When it comes to assessing the likelihood of an impact and the damage it will cause, scientists take into account the size of Earth, as well as how often asteroids of different sizes hit. Harmless, dust grain-sized meteors hit Earth almost constantly and burn up in the atmosphere; the odds of a 1-meter asteroid striking Earth amounts to around one impact per year and then become less likely with the size of the asteroid squared; the odds of a 100-meter rock striking are once per 10,000 years and a 1,000-meter asteroid once per million years, according to one Tufts University fact sheet. “Another one of these Chelyabinsk-type events can easily happen in our lifetime,” Bosloughsaid. But as far as what to worry about, “There have only been a handful of these events, whereas typhoons, hurricanes, and major flooding events happen every year somewhere on Earth.”

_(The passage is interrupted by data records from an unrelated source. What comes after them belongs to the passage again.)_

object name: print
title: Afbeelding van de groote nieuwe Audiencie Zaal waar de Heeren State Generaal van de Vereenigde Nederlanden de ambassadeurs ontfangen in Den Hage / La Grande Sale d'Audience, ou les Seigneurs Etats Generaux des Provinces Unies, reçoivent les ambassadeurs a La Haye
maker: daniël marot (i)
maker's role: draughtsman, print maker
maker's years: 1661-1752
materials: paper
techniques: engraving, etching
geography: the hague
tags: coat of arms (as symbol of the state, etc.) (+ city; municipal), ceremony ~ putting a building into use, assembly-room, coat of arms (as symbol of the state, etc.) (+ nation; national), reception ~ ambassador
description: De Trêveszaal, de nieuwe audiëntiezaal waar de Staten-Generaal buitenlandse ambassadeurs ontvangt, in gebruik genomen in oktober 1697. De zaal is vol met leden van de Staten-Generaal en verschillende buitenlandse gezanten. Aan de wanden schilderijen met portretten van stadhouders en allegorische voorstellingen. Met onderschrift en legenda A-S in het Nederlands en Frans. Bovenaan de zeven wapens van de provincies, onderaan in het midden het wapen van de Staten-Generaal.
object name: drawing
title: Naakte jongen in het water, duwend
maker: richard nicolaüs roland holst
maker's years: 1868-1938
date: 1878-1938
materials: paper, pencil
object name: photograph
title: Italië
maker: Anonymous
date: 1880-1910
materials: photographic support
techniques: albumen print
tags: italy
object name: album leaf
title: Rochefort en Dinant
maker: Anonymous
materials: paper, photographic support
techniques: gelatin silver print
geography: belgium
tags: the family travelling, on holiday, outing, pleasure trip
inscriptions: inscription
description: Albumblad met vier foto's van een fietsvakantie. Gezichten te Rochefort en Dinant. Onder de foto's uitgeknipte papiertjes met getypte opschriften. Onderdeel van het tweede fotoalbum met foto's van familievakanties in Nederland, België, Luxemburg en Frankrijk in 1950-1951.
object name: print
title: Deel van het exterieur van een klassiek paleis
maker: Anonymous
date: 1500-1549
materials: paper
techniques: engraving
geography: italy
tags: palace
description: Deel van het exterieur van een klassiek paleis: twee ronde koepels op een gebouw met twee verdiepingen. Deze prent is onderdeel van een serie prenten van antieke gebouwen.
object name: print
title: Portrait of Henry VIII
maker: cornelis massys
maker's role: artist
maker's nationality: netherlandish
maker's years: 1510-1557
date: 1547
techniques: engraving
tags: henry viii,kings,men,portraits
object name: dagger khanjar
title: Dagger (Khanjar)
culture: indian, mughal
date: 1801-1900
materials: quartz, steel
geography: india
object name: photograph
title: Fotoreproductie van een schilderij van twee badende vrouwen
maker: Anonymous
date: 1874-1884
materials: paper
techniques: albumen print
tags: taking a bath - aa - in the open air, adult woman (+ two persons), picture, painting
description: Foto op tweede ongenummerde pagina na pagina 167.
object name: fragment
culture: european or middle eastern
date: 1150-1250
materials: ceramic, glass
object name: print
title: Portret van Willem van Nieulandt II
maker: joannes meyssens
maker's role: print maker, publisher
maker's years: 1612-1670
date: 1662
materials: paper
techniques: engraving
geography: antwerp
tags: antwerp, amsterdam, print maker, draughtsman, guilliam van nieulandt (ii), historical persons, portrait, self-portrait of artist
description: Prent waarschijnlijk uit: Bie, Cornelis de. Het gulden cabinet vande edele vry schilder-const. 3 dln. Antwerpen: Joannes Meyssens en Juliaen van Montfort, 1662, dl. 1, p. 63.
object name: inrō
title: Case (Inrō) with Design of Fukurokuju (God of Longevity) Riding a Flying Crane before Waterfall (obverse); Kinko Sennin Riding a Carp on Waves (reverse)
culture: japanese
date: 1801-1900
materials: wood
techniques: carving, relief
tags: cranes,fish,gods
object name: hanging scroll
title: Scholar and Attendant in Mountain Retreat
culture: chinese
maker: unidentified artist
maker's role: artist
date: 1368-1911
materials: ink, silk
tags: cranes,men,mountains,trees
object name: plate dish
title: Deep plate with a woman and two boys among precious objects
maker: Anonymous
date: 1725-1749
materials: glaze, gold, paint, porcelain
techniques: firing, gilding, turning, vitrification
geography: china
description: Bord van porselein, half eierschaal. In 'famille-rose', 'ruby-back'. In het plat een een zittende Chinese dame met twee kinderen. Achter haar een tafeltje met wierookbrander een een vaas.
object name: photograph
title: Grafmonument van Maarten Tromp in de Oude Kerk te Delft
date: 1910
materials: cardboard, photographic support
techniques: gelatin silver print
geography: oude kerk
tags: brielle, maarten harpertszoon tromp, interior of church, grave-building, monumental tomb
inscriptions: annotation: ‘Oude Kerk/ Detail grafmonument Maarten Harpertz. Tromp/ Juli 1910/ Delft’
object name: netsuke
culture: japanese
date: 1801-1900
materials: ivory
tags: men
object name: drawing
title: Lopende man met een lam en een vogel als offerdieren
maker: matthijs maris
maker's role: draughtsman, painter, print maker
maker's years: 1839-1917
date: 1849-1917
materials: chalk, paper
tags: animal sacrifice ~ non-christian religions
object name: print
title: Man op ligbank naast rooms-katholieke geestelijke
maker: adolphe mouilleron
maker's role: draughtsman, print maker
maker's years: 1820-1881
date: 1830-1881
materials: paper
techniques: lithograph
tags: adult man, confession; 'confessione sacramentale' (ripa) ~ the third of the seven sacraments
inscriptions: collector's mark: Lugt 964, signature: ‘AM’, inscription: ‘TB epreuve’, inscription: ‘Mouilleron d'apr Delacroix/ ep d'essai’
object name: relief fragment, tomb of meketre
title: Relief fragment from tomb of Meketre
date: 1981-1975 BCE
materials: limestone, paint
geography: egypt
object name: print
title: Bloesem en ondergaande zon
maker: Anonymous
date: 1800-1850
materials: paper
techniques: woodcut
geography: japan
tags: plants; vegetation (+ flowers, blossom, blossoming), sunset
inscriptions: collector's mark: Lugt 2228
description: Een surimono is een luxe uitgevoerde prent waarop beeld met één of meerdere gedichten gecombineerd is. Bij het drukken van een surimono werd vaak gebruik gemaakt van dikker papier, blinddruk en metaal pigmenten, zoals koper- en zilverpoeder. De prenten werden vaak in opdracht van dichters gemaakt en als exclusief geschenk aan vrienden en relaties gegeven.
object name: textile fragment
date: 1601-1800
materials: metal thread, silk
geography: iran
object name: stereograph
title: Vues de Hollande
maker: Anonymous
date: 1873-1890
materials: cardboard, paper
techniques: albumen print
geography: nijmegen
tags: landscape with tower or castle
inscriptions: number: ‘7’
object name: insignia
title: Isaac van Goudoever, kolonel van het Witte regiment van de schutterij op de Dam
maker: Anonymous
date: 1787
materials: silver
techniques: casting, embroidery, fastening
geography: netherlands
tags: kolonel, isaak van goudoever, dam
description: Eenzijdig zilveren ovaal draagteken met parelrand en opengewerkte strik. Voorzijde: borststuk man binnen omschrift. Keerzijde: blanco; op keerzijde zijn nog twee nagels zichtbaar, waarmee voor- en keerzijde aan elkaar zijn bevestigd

And as for larger events, they’re potentially preventable with enough lead time. For example, NASA’s OSIRIS-REx mission is studying the properties of asteroid Bennu, a potentially hazardous asteroid with the potential to threaten Earth in the next few centuries. Then there’s the Double Asteroid Redirection Test (DART) mission, a demonstration that will slam a spacecraft into the smaller asteroid in the (65803) Didymos binary at 3.7 miles per second, or 13,320 miles per hour. The ESA’s Hera mission will follow up and take observations of the collision’s effects. Scientists hope these missions will change the smaller asteroid’s orbit around the larger asteroid, and that in the future, NASA or other space agencies could use these “kinectic impactor” missions to change a future threatening asteroid’s orbit enough to miss Earth.
There are other ideas for changing potentially hazardous asteroids’ orbits as well. Space agencies could just put a really heavy thing next to the asteroid to redirect it via the force of gravity, or remove matter from the asteroid’s surface. Of course, there’s always the last-minute option of nuking an asteroid that presents an imminent threat—but in this year’s Planetary Defense Conference tabletop exercise, scientists chose to nuke a large asteroid that would have leveled Denver, a decision that inadvertently destroyed New York City.
Scientists now take this threat seriously. Despite the low probability of an asteroid impact, its dire consequences mean that this will continue to be an important area of research, one that requires probably about the amount of attention it presently receives—but maybe not any more or less.
“Doom is pretty much out of the picture in our lifetimes and the lifetimes of our kids and grandkids,” Boslough said. “Once you get out to 100 years, future generations can keep looking, and if they find something they can do something about it.”